26 octobre 2009
Les communautés créées sur la Toile contribuent à bâtir la démocratie et à exiger une gouvernance responsable sur le continent.

Washington - « Il revient aux Africains de décider de l’avenir de l’Afrique », a déclaré le président Obama dans le discours qu’il a prononcé le 11 juillet à Accra, la capitale du Ghana. Un auditoire mondial, dont un grand nombre d’Africains, ont répondu à son appel et exprimé leurs opinions sur eJournal USA, hébergé sur Facebook, en se rendant sur le site Internet America.gov du département d’État.
« Vous avez le pouvoir de responsabiliser vos dirigeants et de bâtir des institutions qui servent le peuple », a dit M. Obama. En Afrique comme partout ailleurs, les réseaux sociaux sur la Toile offrent aujourd’hui l’occasion aux gens du monde entier d’œuvrer de concert pour, justement, parvenir à cet objectif énoncé par le président américain.
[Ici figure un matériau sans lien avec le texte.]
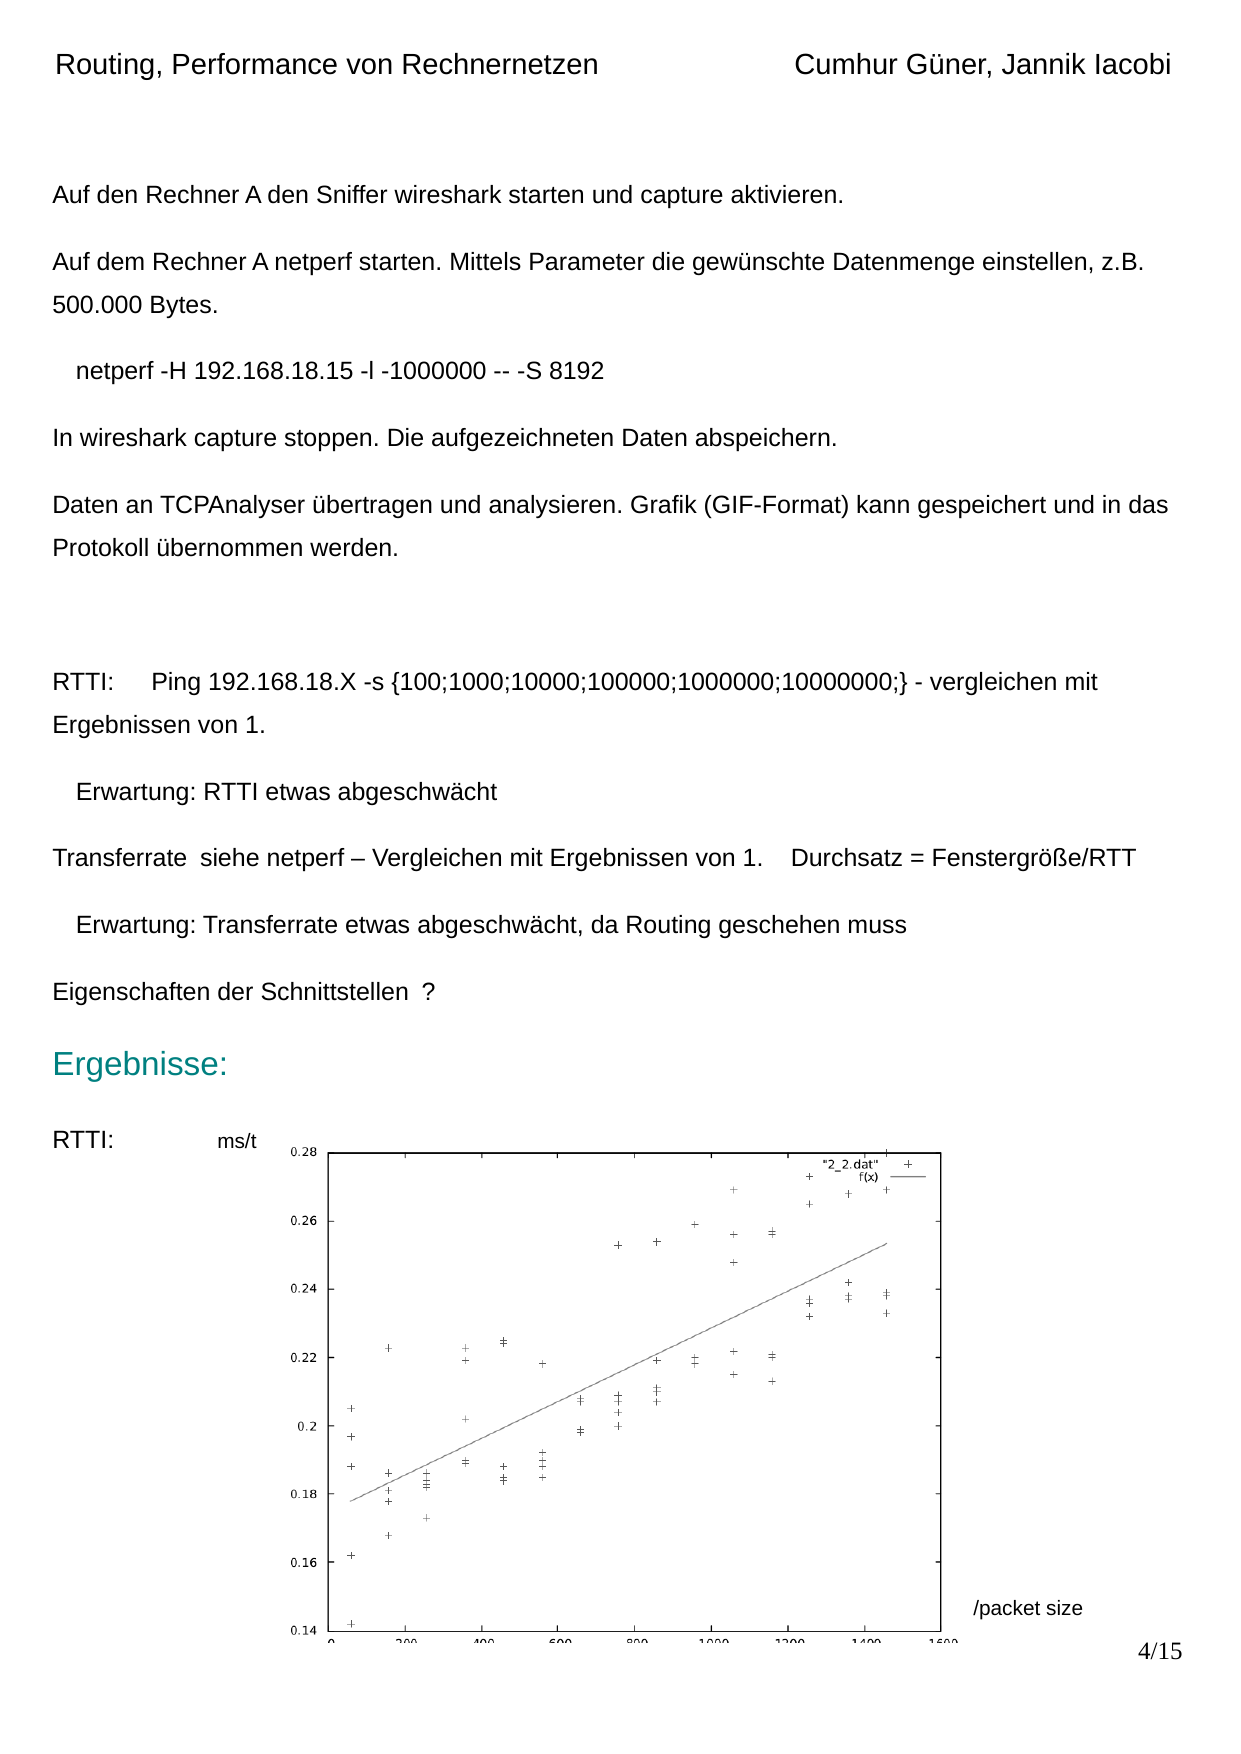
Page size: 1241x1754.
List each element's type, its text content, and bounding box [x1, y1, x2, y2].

text Transferrate siehe netperf – Vergleichen mit Ergebnissen von 1. Durchsatz = Fenstergröße/RTT [52, 843, 1182, 872]
text netperf -H 192.168.18.15 -l -1000000 -- -S 8192 [52, 356, 1182, 385]
text /packet size [963, 1592, 1182, 1621]
text Ergebnisse: [52, 1043, 1182, 1082]
text RTTI: Ping 192.168.18.X -s {100;1000;10000;100000;1000000;10000000;} - vergleichen mit Ergebnissen von 1. [52, 667, 1182, 738]
text In wireshark capture stoppen. Die aufgezeichneten Daten abspeichern. [52, 423, 1182, 452]
text Erwartung: RTTI etwas abgeschwächt [52, 776, 1182, 805]
text Eigenschaften der Schnittstellen ? [52, 977, 1182, 1006]
text Auf dem Rechner A netperf starten. Mittels Parameter die gewünschte Datenmenge einstellen, z.B. 500.000 Bytes. [52, 246, 1182, 318]
text [52, 1592, 272, 1621]
text Daten an TCPAnalyser übertragen und analysieren. Grafik (GIF-Format) kann gespeichert und in das Protokoll übernommen werden. [52, 490, 1182, 562]
text Auf den Rechner A den Sniffer wireshark starten und capture aktivieren. [52, 180, 1182, 208]
text Erwartung: Transferrate etwas abgeschwächt, da Routing geschehen muss [52, 910, 1182, 939]
text RTTI: ms/t [52, 1125, 1182, 1153]
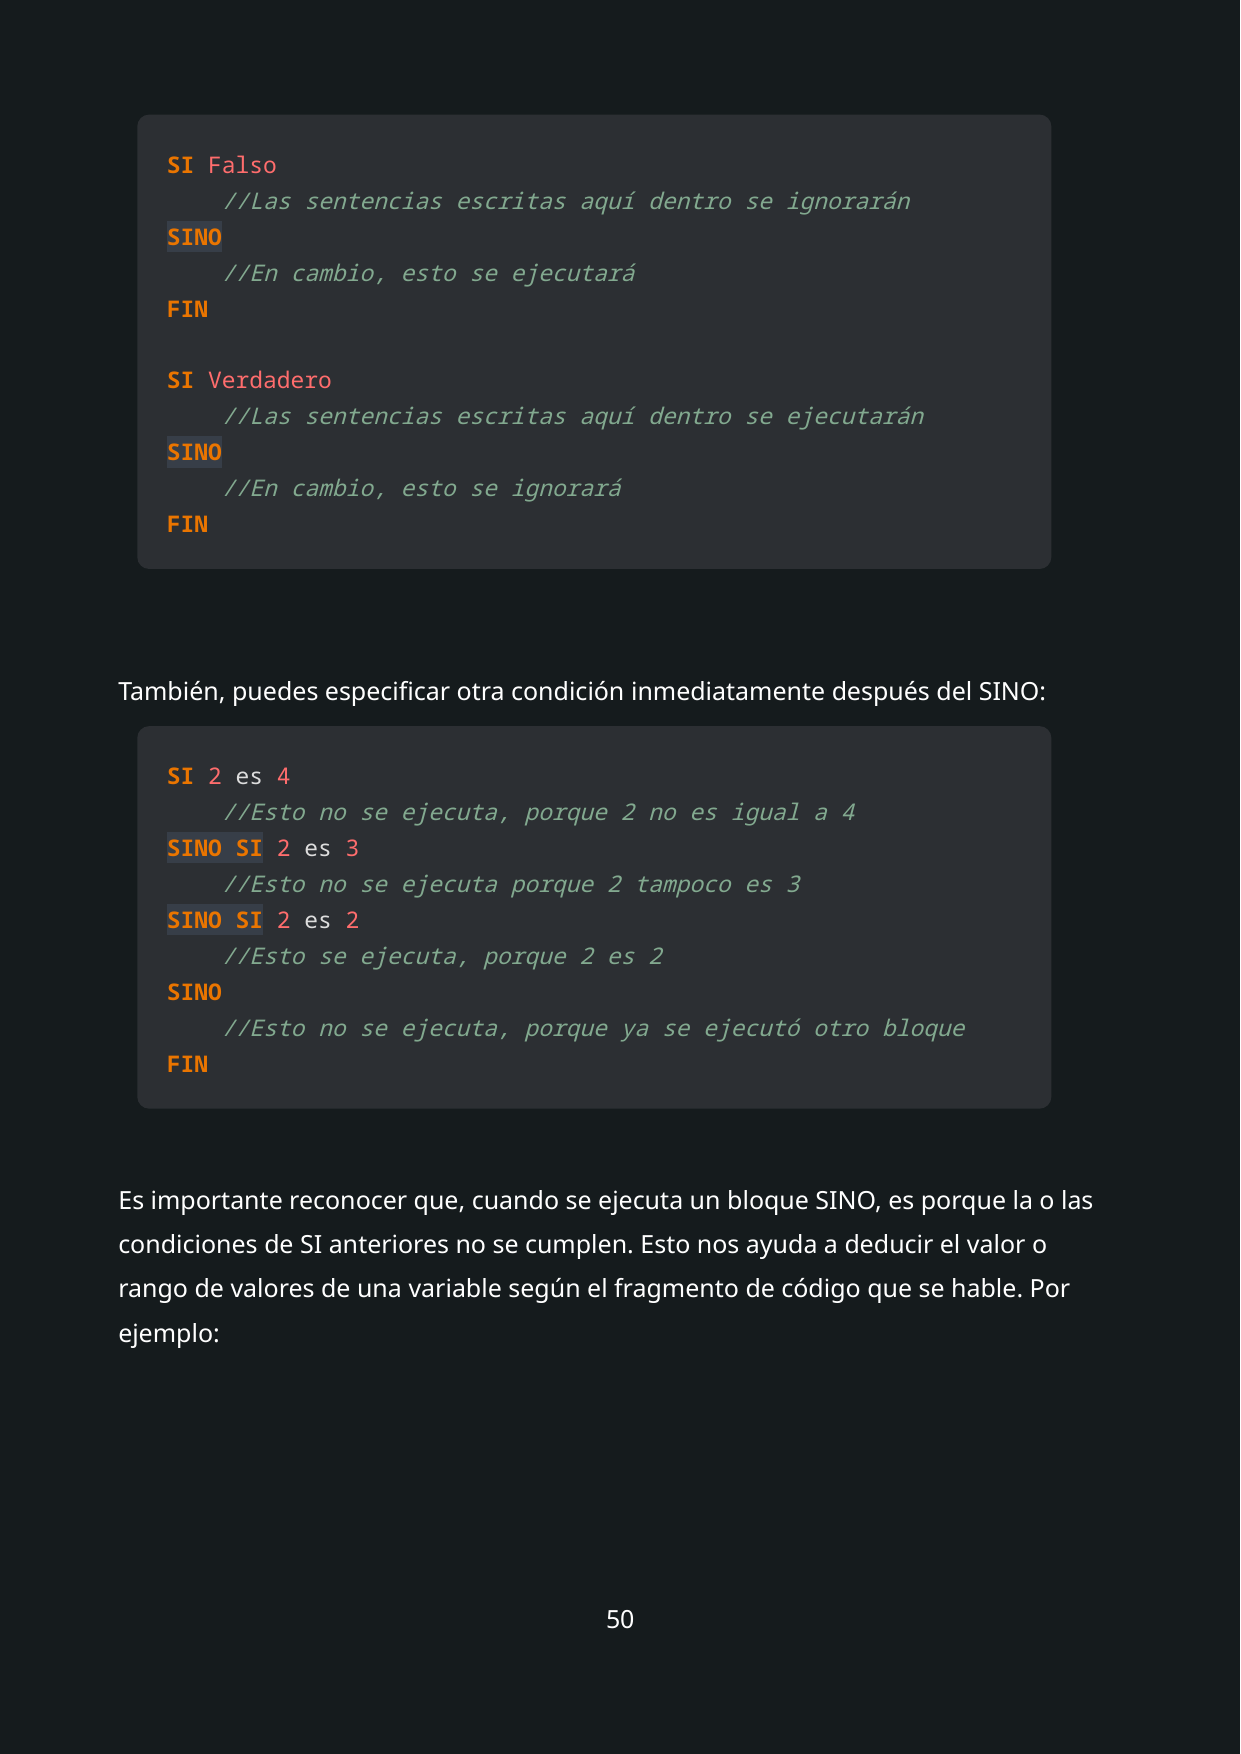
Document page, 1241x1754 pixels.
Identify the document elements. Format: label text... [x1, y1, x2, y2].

Lors des tournées que le président Obama et la secrétaire d’État, Mme Hillary Rodham Clinton, ont successivement effectué sur le continent africain, et lors des entretiens qu’a eus M. Obama avec différents dirigeants africains en marge de l’Assemblée générale de l’ONU à New York, le chef de l’exécutif américain et Mme Clinton ont tous deux mis l’accent sur l’importance de la bonne gouvernance et sur le fait que l’avenir de l’Afrique est entre les mains de ses populations. Pendant son voyage, en août dernier, Mme Clinton a rencontré sept dirigeants de pays subsahariens. Dans une allocution prononcée au Kénya, elle a souligné : « Les États-Unis ne peuvent pas régler les problèmes du Kénya (…). Nous ne pouvons pas vous dire comment gouverner votre pays ; ce n’est pas à nous de le faire (…). C’est aux Kényans eux-mêmes de trouver les moyens de relever les défis de leur pays. »
Des internautes du monde entier ont suivi la tournée de la secrétaire d’État sur le continent en se branchant sur la page Facebook du site Internet America.gov, prenant part à une conversation internationale sur les défis les plus importants que l’Afrique doit relever aujourd’hui. Tout au cours du mois, des fans du site eJournal USA ont publié plus de 700 commentaires, exprimant leurs opinions sur le rôle des États-Unis et des Africains eux-mêmes dans le développement du continent.
Parmi ceux qui ont participé à cette conversation sur la Toile, 57 % ont indiqué qu’instaurer la bonne gouvernance sur le continent était le défi le plus important que devaient relever actuellement les Africains. Un grand nombre d’entre eux ont exhorté les États-Unis à faire pression sur leurs gouvernements afin qu’ils œuvrent pour endiguer la corruption et promouvoir la transparence. Ils ont également débattu des effets sociaux et économiques de gouvernements plus ouverts, d’élections libres et équitables, et de régimes stables.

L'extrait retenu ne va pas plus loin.